- _Required work_:
Reply with one number, the count of lines below that contain the string "stroke".

- _Records for this task_:
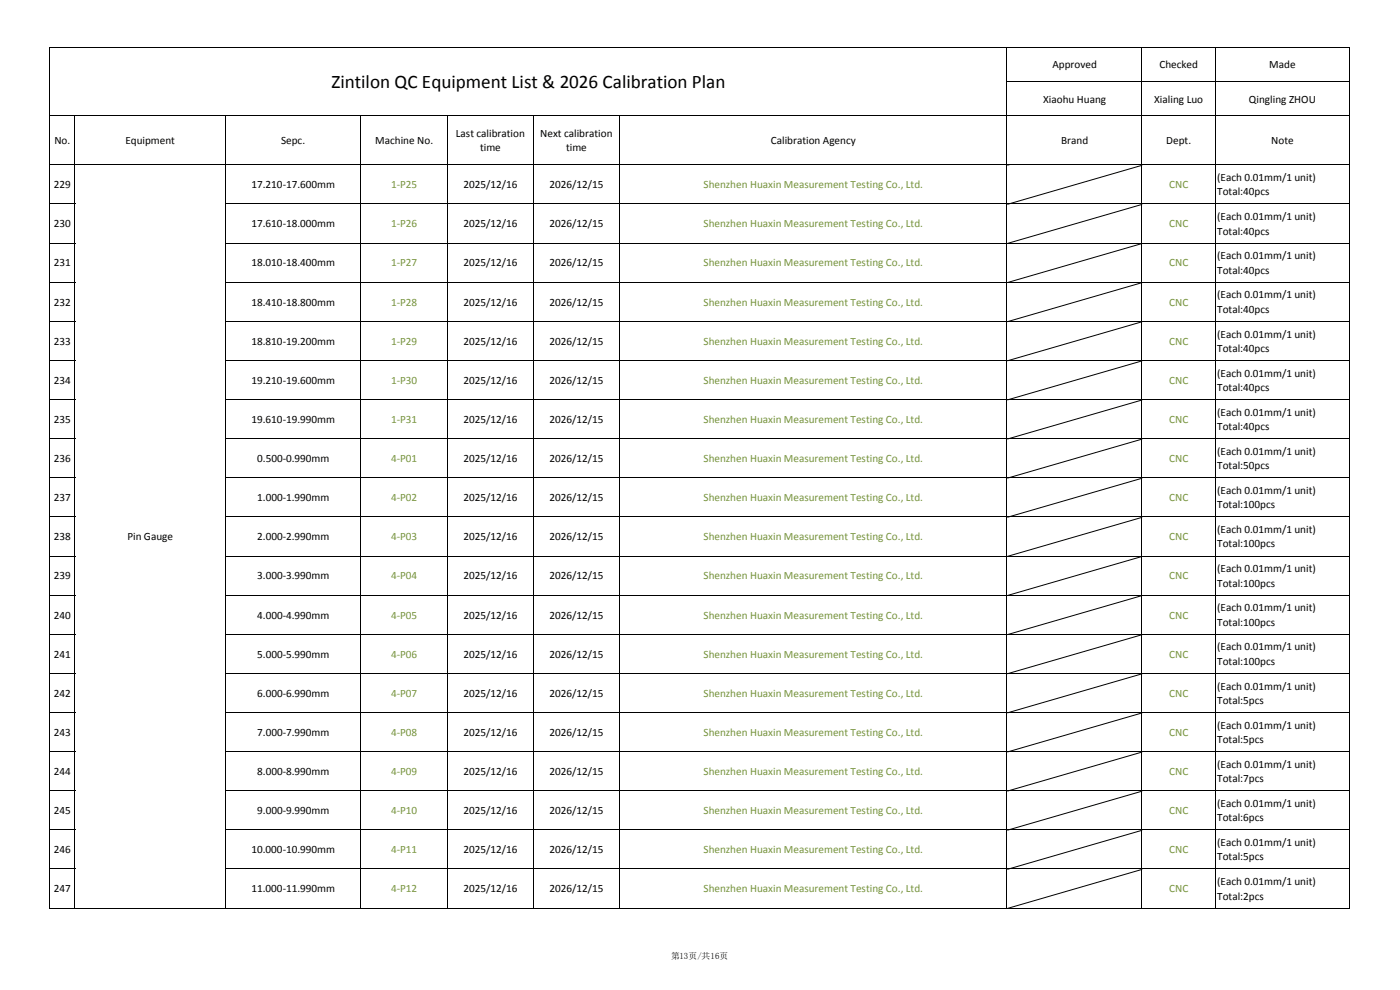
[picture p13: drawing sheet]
<svg xmlns="http://www.w3.org/2000/svg" width="297mm" height="210mm" viewBox="0 0 297 210" stroke-linecap="round" stroke-linejoin="round" font-family="sans-serif">
<defs><g id="words">
<text font-size="4.1" x="70.3" y="18.7">Zintilon QC Equipment List &amp; 2026 Calibration Plan</text>
<g font-size="2.4">
<text x="223.2" y="14.5">Approved</text>
<text x="246" y="14.5">Checked</text>
<text x="269.3" y="14.5">Made</text>
<text x="221.3" y="21.8">Xiaohu Huang</text>
<text x="244.8" y="21.8">Xialing Luo</text>
<text x="264.9" y="21.8">Qingling ZHOU</text>
<text x="96.7" y="29">Last calibration</text>
<text x="114.6" y="29">Next calibration</text>
<text x="11.5" y="30.6">No.</text>
<text x="26.6" y="30.6">Equipment</text>
<text x="59.6" y="30.6">Sepc.</text>
<text x="79.6" y="30.6">Machine No.</text>
<text x="101.8" y="32.1">time</text>
<text x="120.1" y="32.1">time</text>
<text x="163.5" y="30.6">Calibration Agency</text>
<text x="225.1" y="30.6">Brand</text>
<text x="247.4" y="30.6">Dept.</text>
<text x="269.7" y="30.6">Note</text>
<text x="11.5" y="39.9">229</text>
<text x="53.3" y="39.9">17.210-17.600mm</text>
<text x="98.3" y="39.9">2025/12/16</text>
<text x="116.6" y="39.9">2026/12/15</text>
<text x="258.2" y="38.4">(Each 0.01mm/1 unit)</text>
<text x="258.2" y="41.5">Total:40pcs</text>
<text x="258.2" y="46.7">(Each 0.01mm/1 unit)</text>
<text x="11.5" y="48.2">230</text>
<text x="53.3" y="48.2">17.610-18.000mm</text>
<text x="98.3" y="48.2">2025/12/16</text>
<text x="116.6" y="48.2">2026/12/15</text>
<text x="258.2" y="49.8">Total:40pcs</text>
<text x="11.5" y="56.5">231</text>
<text x="53.3" y="56.5">18.010-18.400mm</text>
<text x="98.3" y="56.5">2025/12/16</text>
<text x="116.6" y="56.5">2026/12/15</text>
<text x="258.2" y="55">(Each 0.01mm/1 unit)</text>
<text x="258.2" y="58">Total:40pcs</text>
<text x="11.5" y="64.8">232</text>
<text x="53.3" y="64.8">18.410-18.800mm</text>
<text x="98.3" y="64.8">2025/12/16</text>
<text x="116.6" y="64.8">2026/12/15</text>
<text x="258.2" y="63.3">(Each 0.01mm/1 unit)</text>
<text x="258.2" y="66.3">Total:40pcs</text>
<text x="258.2" y="71.6">(Each 0.01mm/1 unit)</text>
<text x="11.5" y="73.1">233</text>
<text x="53.3" y="73.1">18.810-19.200mm</text>
<text x="98.3" y="73.1">2025/12/16</text>
<text x="116.6" y="73.1">2026/12/15</text>
<text x="258.2" y="74.6">Total:40pcs</text>
<text x="11.5" y="81.4">234</text>
<text x="53.3" y="81.4">19.210-19.600mm</text>
<text x="98.3" y="81.4">2025/12/16</text>
<text x="116.6" y="81.4">2026/12/15</text>
<text x="258.2" y="79.9">(Each 0.01mm/1 unit)</text>
<text x="258.2" y="82.9">Total:40pcs</text>
<text x="11.5" y="89.7">235</text>
<text x="53.3" y="89.7">19.610-19.990mm</text>
<text x="98.3" y="89.7">2025/12/16</text>
<text x="116.6" y="89.7">2026/12/15</text>
<text x="258.2" y="88.2">(Each 0.01mm/1 unit)</text>
<text x="258.2" y="91.2">Total:40pcs</text>
<text x="11.5" y="98">236</text>
<text x="54.5" y="98">0.500-0.990mm</text>
<text x="98.3" y="98">2025/12/16</text>
<text x="116.6" y="98">2026/12/15</text>
<text x="258.2" y="96.5">(Each 0.01mm/1 unit)</text>
<text x="258.2" y="99.5">Total:50pcs</text>
<text x="11.5" y="106.3">237</text>
<text x="54.5" y="106.3">1.000-1.990mm</text>
<text x="98.3" y="106.3">2025/12/16</text>
<text x="116.6" y="106.3">2026/12/15</text>
<text x="258.2" y="104.8">(Each 0.01mm/1 unit)</text>
<text x="258.2" y="107.8">Total:100pcs</text>
<text x="258.2" y="113.1">(Each 0.01mm/1 unit)</text>
<text x="11.5" y="114.6">238</text>
<text x="27" y="114.6">Pin Gauge</text>
<text x="54.5" y="114.6">2.000-2.990mm</text>
<text x="98.3" y="114.6">2025/12/16</text>
<text x="116.6" y="114.6">2026/12/15</text>
<text x="258.2" y="116.1">Total:100pcs</text>
<text x="11.5" y="122.9">239</text>
<text x="54.5" y="122.9">3.000-3.990mm</text>
<text x="98.3" y="122.9">2025/12/16</text>
<text x="116.6" y="122.9">2026/12/15</text>
<text x="258.2" y="121.4">(Each 0.01mm/1 unit)</text>
<text x="258.2" y="124.4">Total:100pcs</text>
<text x="11.5" y="131.2">240</text>
<text x="54.5" y="131.2">4.000-4.990mm</text>
<text x="98.3" y="131.2">2025/12/16</text>
<text x="116.6" y="131.2">2026/12/15</text>
<text x="258.2" y="129.7">(Each 0.01mm/1 unit)</text>
<text x="258.2" y="132.7">Total:100pcs</text>
<text x="258.2" y="138">(Each 0.01mm/1 unit)</text>
<text x="11.5" y="139.5">241</text>
<text x="54.5" y="139.5">5.000-5.990mm</text>
<text x="98.3" y="139.5">2025/12/16</text>
<text x="116.6" y="139.5">2026/12/15</text>
<text x="258.2" y="141">Total:100pcs</text>
<text x="11.5" y="147.8">242</text>
<text x="54.5" y="147.8">6.000-6.990mm</text>
<text x="98.3" y="147.8">2025/12/16</text>
<text x="116.6" y="147.8">2026/12/15</text>
<text x="258.2" y="146.3">(Each 0.01mm/1 unit)</text>
<text x="258.2" y="149.3">Total:5pcs</text>
<text x="258.2" y="154.6">(Each 0.01mm/1 unit)</text>
<text x="11.5" y="156.1">243</text>
<text x="54.5" y="156.1">7.000-7.990mm</text>
<text x="98.3" y="156.1">2025/12/16</text>
<text x="116.6" y="156.1">2026/12/15</text>
<text x="258.2" y="157.6">Total:5pcs</text>
<text x="11.5" y="164.4">244</text>
<text x="54.5" y="164.4">8.000-8.990mm</text>
<text x="98.3" y="164.4">2025/12/16</text>
<text x="116.6" y="164.4">2026/12/15</text>
<text x="258.2" y="162.9">(Each 0.01mm/1 unit)</text>
<text x="258.2" y="165.9">Total:7pcs</text>
<text x="11.5" y="172.7">245</text>
<text x="54.5" y="172.7">9.000-9.990mm</text>
<text x="98.3" y="172.7">2025/12/16</text>
<text x="116.6" y="172.7">2026/12/15</text>
<text x="258.2" y="171.2">(Each 0.01mm/1 unit)</text>
<text x="258.2" y="174.2">Total:6pcs</text>
<text x="258.2" y="179.5">(Each 0.01mm/1 unit)</text>
<text x="11.5" y="181">246</text>
<text x="53.3" y="181">10.000-10.990mm</text>
<text x="98.3" y="181">2025/12/16</text>
<text x="116.6" y="181">2026/12/15</text>
<text x="258.2" y="182.5">Total:5pcs</text>
<text x="11.5" y="189.3">247</text>
<text x="53.3" y="189.3">11.000-11.990mm</text>
<text x="98.3" y="189.3">2025/12/16</text>
<text x="116.6" y="189.3">2026/12/15</text>
<text x="258.2" y="187.8">(Each 0.01mm/1 unit)</text>
<text x="258.2" y="190.8">Total:2pcs</text>
</g>
<g font-size="2.4" fill="#76933c">
<text x="83" y="39.9">1-P25</text>
<text x="149.2" y="39.9">Shenzhen Huaxin Measurement Testing Co., Ltd.</text>
<text x="248" y="39.9">CNC</text>
<text x="83" y="48.2">1-P26</text>
<text x="149.2" y="48.2">Shenzhen Huaxin Measurement Testing Co., Ltd.</text>
<text x="248" y="48.2">CNC</text>
<text x="83" y="56.5">1-P27</text>
<text x="149.2" y="56.5">Shenzhen Huaxin Measurement Testing Co., Ltd.</text>
<text x="248" y="56.5">CNC</text>
<text x="83" y="64.8">1-P28</text>
<text x="149.2" y="64.8">Shenzhen Huaxin Measurement Testing Co., Ltd.</text>
<text x="248" y="64.8">CNC</text>
<text x="83" y="73.1">1-P29</text>
<text x="149.2" y="73.1">Shenzhen Huaxin Measurement Testing Co., Ltd.</text>
<text x="248" y="73.1">CNC</text>
<text x="83" y="81.4">1-P30</text>
<text x="149.2" y="81.4">Shenzhen Huaxin Measurement Testing Co., Ltd.</text>
<text x="248" y="81.4">CNC</text>
<text x="83" y="89.7">1-P31</text>
<text x="149.2" y="89.7">Shenzhen Huaxin Measurement Testing Co., Ltd.</text>
<text x="248" y="89.7">CNC</text>
<text x="83" y="98">4-P01</text>
<text x="149.2" y="98">Shenzhen Huaxin Measurement Testing Co., Ltd.</text>
<text x="248" y="98">CNC</text>
<text x="83" y="106.3">4-P02</text>
<text x="149.2" y="106.3">Shenzhen Huaxin Measurement Testing Co., Ltd.</text>
<text x="248" y="106.3">CNC</text>
<text x="83" y="114.6">4-P03</text>
<text x="149.2" y="114.6">Shenzhen Huaxin Measurement Testing Co., Ltd.</text>
<text x="248" y="114.6">CNC</text>
<text x="83" y="122.9">4-P04</text>
<text x="149.2" y="122.9">Shenzhen Huaxin Measurement Testing Co., Ltd.</text>
<text x="248" y="122.9">CNC</text>
<text x="83" y="131.2">4-P05</text>
<text x="149.2" y="131.2">Shenzhen Huaxin Measurement Testing Co., Ltd.</text>
<text x="248" y="131.2">CNC</text>
<text x="83" y="139.5">4-P06</text>
<text x="149.2" y="139.5">Shenzhen Huaxin Measurement Testing Co., Ltd.</text>
<text x="248" y="139.5">CNC</text>
<text x="83" y="147.8">4-P07</text>
<text x="149.2" y="147.8">Shenzhen Huaxin Measurement Testing Co., Ltd.</text>
<text x="248" y="147.8">CNC</text>
<text x="83" y="156.1">4-P08</text>
<text x="149.2" y="156.1">Shenzhen Huaxin Measurement Testing Co., Ltd.</text>
<text x="248" y="156.1">CNC</text>
<text x="83" y="164.4">4-P09</text>
<text x="149.2" y="164.4">Shenzhen Huaxin Measurement Testing Co., Ltd.</text>
<text x="248" y="164.4">CNC</text>
<text x="83" y="172.7">4-P10</text>
<text x="149.2" y="172.7">Shenzhen Huaxin Measurement Testing Co., Ltd.</text>
<text x="248" y="172.7">CNC</text>
<text x="83" y="181">4-P11</text>
<text x="149.2" y="181">Shenzhen Huaxin Measurement Testing Co., Ltd.</text>
<text x="248" y="181">CNC</text>
<text x="83" y="189.3">4-P12</text>
<text x="149.2" y="189.3">Shenzhen Huaxin Measurement Testing Co., Ltd.</text>
<text x="248" y="189.3">CNC</text>
</g>
<text font-size="1.9" x="142.4" y="203.5">第13页/共16页</text>
</g></defs>
<g fill="none" stroke="#000" stroke-width=".21">
<path d="M10.4 10h275.9M10.5 9.9v182.8M213.5 17.3h72.8M213.6 9.9v182.8M242.2 9.9v182.8M257.7 9.9v182.8M286.2 9.9v182.8M10.4 24.6h275.9M10.4 35h275.9M15.9 24.5v168.2M47.8 24.5v168.2M76.5 24.5v168.2"/>
<path d="M94.8 24.5v168.2M113.1 24.5v168.2M131.3 24.5v168.2M213.8 35l-.1 .1M242.3 35.1l-28.6 8.2M10.4 43.3h5.5M10.4 51.6h5.5M10.4 59.9h5.5M47.7 43.3h238.6M47.7 51.6h238.6M47.7 59.9h238.6M242.3 43.3l-28.6 8.3"/>
<path d="M242.3 51.6l-28.6 8.3M242.3 59.9l-28.6 8.3M10.4 68.2h5.5M10.4 76.5h5.5M47.7 68.2h238.6M47.7 76.5h238.6M242.3 68.2l-28.6 8.3M242.3 76.5l-28.6 8.3M10.4 84.8h5.5M10.4 93h5.5M47.7 84.8h238.6M47.7 93h238.6"/>
<path d="M242.3 84.8l-28.6 8.3M242.3 93.1l-28.6 8.3M10.4 101.3h5.5M10.4 109.6h5.5M10.4 117.9h5.5M47.7 101.3h238.6M47.7 109.6h238.6M47.7 117.9h238.6M242.3 101.4l-28.6 8.3M242.3 109.7l-28.6 8.3M242.3 118l-28.6 8.3M10.4 126.2h5.5"/>
<path d="M10.4 134.5h5.5M47.7 126.2h238.6M47.7 134.5h238.6M242.3 126.3l-28.6 8.3M242.3 134.6l-28.6 8.3M10.4 142.8h5.5M10.4 151.1h5.5M10.4 159.4h5.5M47.7 142.8h238.6M47.7 151.1h238.6M47.7 159.4h238.6M242.3 142.9l-28.6 8.3"/>
<path d="M242.3 151.2l-28.6 8.3M242.3 159.5l-28.6 8.3M10.4 167.7h5.5M10.4 176h5.5M47.7 167.7h238.6M47.7 176h238.6M242.3 167.8l-28.6 8.3M242.3 176.1l-28.6 8.3M10.4 184.3h5.5M10.4 192.6h275.9M47.7 184.3h238.6M242.3 184.4l-28.6 8.3"/>
<path d="M242.3 192.7l-.2 .1"/>
</g>
<use href="#words"/>
</svg>

- _Task solution_:
2